• EXERCISE DIRECTIONS
Once the images are set aside, print the remaining lines below exactly.
╭─ THE RECORDS
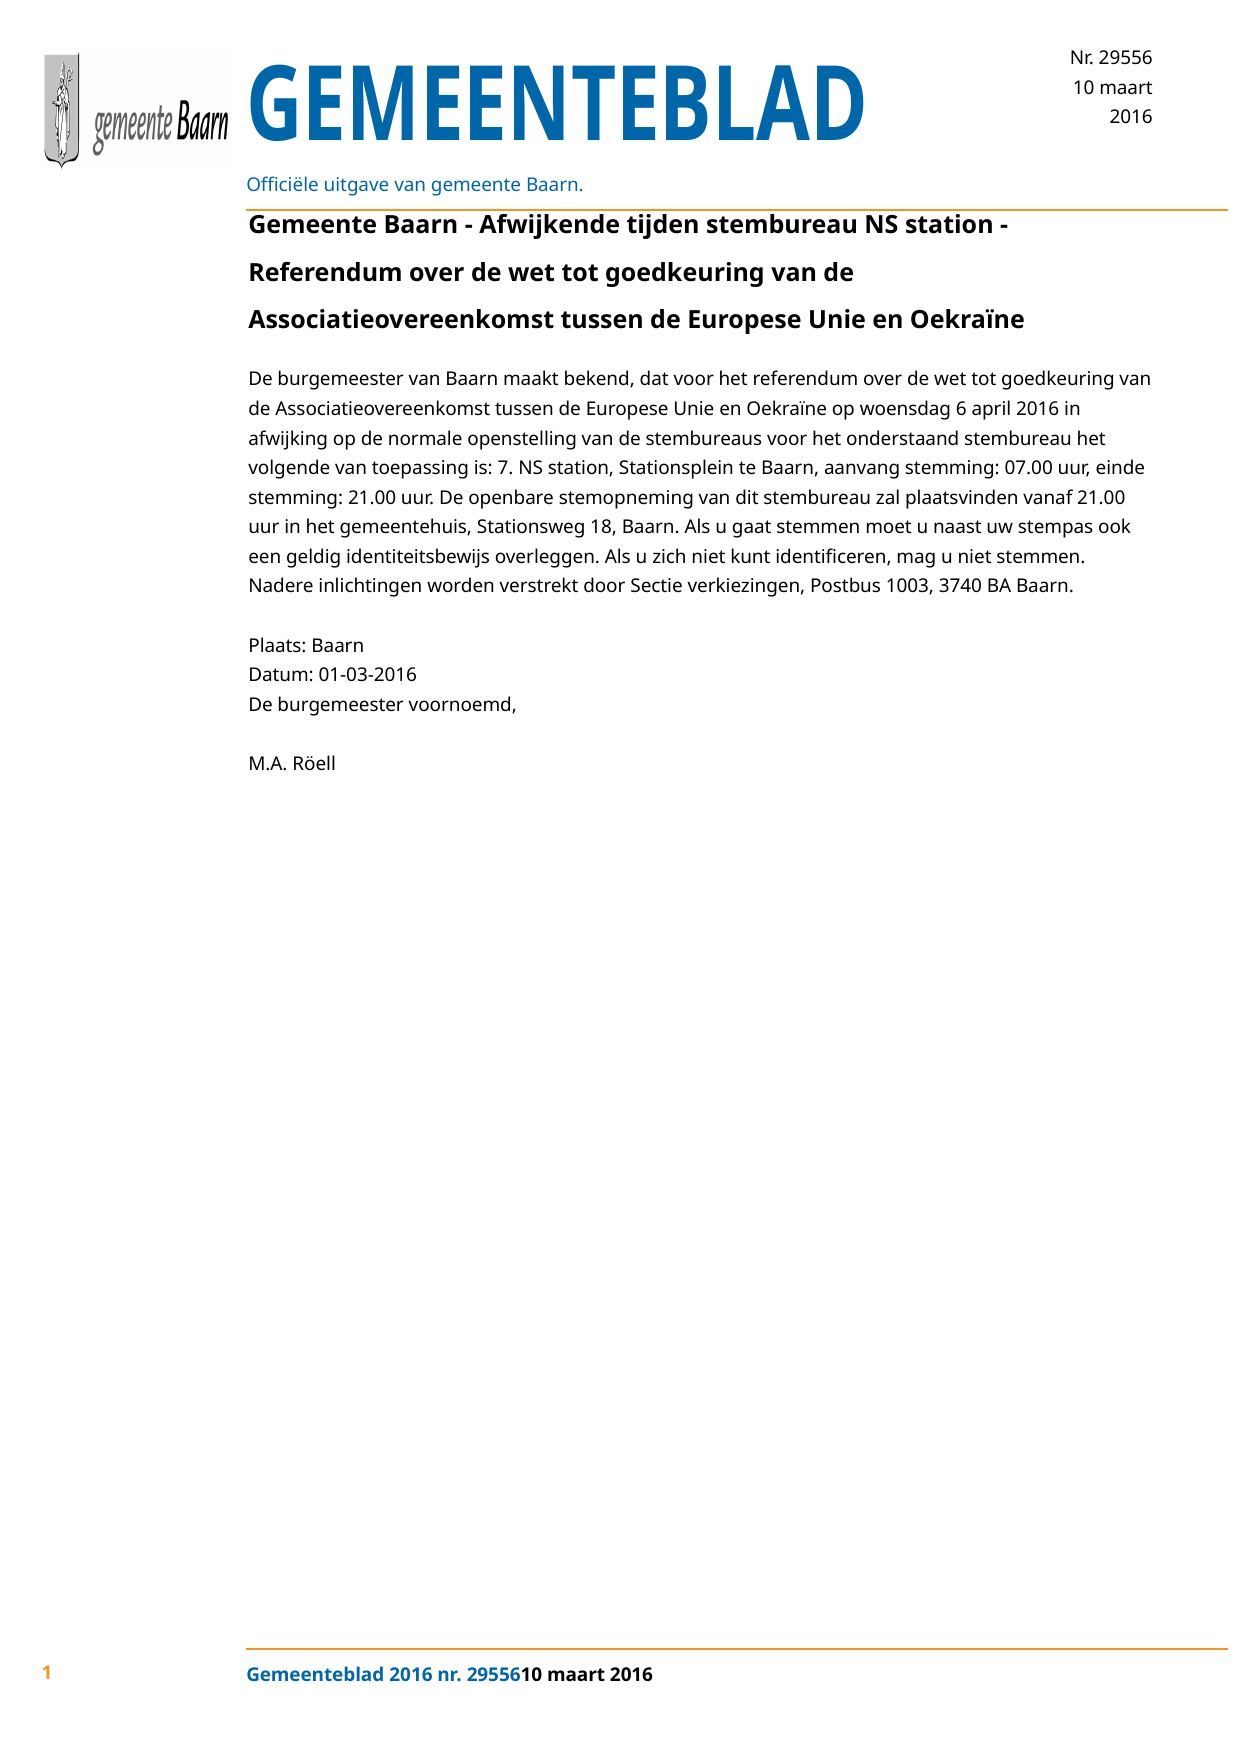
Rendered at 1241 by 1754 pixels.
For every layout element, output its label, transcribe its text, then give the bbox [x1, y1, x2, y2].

text Plaats: Baarn [248, 632, 1152, 657]
text M.A. Röell [248, 750, 1152, 776]
text Gemeente Baarn - Afwijkende tijden stembureau NS station - Referendum over de wet tot goedkeuring van de Associatieovereenkomst tussen de Europese Unie en Oekraïne [248, 211, 1152, 336]
picture [41, 47, 231, 172]
text Datum: 01-03-2016 [248, 661, 1152, 687]
text De burgemeester van Baarn maakt bekend, dat voor het referendum over de wet tot goedkeuring van de Associatieovereenkomst tussen de Europese Unie en Oekraïne op woensdag 6 april 2016 in afwijking op de normale openstelling van de stembureaus voor het onderstaand stembureau het volgende van toepassing is: 7. NS station, Stationsplein te Baarn, aanvang stemming: 07.00 uur, einde stemming: 21.00 uur. De openbare stemopneming van dit stembureau zal plaatsvinden vanaf 21.00 uur in het gemeentehuis, Stationsweg 18, Baarn. Als u gaat stemmen moet u naast uw stempas ook een geldig identiteitsbewijs overleggen. Als u zich niet kunt identificeren, mag u niet stemmen. Nadere inlichtingen worden verstrekt door Sectie verkiezingen, Postbus 1003, 3740 BA Baarn. [248, 366, 1152, 598]
text De burgemeester voornoemd, [248, 691, 1152, 717]
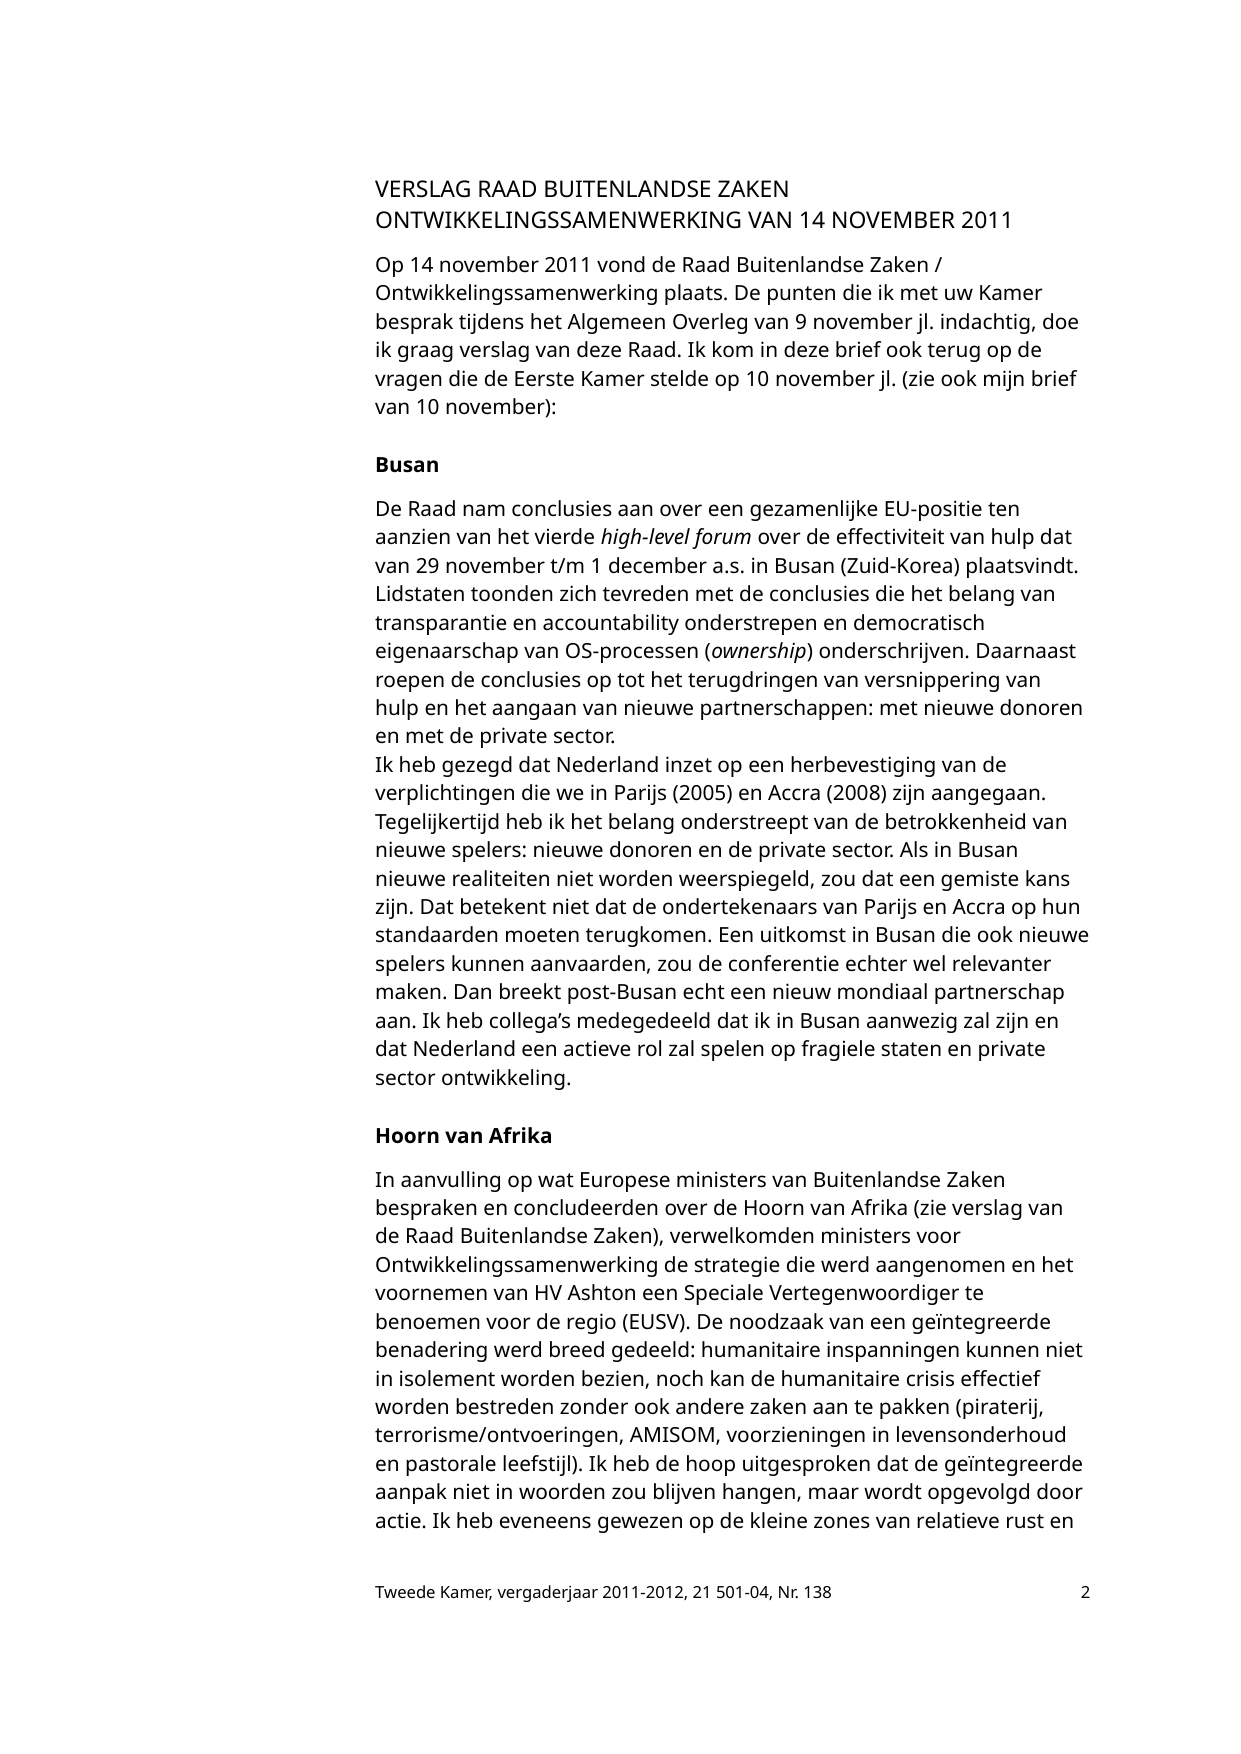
╰─
• ANSWER TO THIS PROBLEM
Rendered at 1241 by 1754 pixels.
For every layout element, output its label, transcribe its text, then give the bbox [x1, y1, x2, y2].

text Plaats: Baarn [248, 632, 1152, 657]
text M.A. Röell [248, 750, 1152, 776]
text Gemeente Baarn - Afwijkende tijden stembureau NS station - Referendum over de wet tot goedkeuring van de Associatieovereenkomst tussen de Europese Unie en Oekraïne [248, 211, 1152, 336]
picture [41, 47, 231, 172]
text Datum: 01-03-2016 [248, 661, 1152, 687]
text De burgemeester van Baarn maakt bekend, dat voor het referendum over de wet tot goedkeuring van de Associatieovereenkomst tussen de Europese Unie en Oekraïne op woensdag 6 april 2016 in afwijking op de normale openstelling van de stembureaus voor het onderstaand stembureau het volgende van toepassing is: 7. NS station, Stationsplein te Baarn, aanvang stemming: 07.00 uur, einde stemming: 21.00 uur. De openbare stemopneming van dit stembureau zal plaatsvinden vanaf 21.00 uur in het gemeentehuis, Stationsweg 18, Baarn. Als u gaat stemmen moet u naast uw stempas ook een geldig identiteitsbewijs overleggen. Als u zich niet kunt identificeren, mag u niet stemmen. Nadere inlichtingen worden verstrekt door Sectie verkiezingen, Postbus 1003, 3740 BA Baarn. [248, 366, 1152, 598]
text De burgemeester voornoemd, [248, 691, 1152, 717]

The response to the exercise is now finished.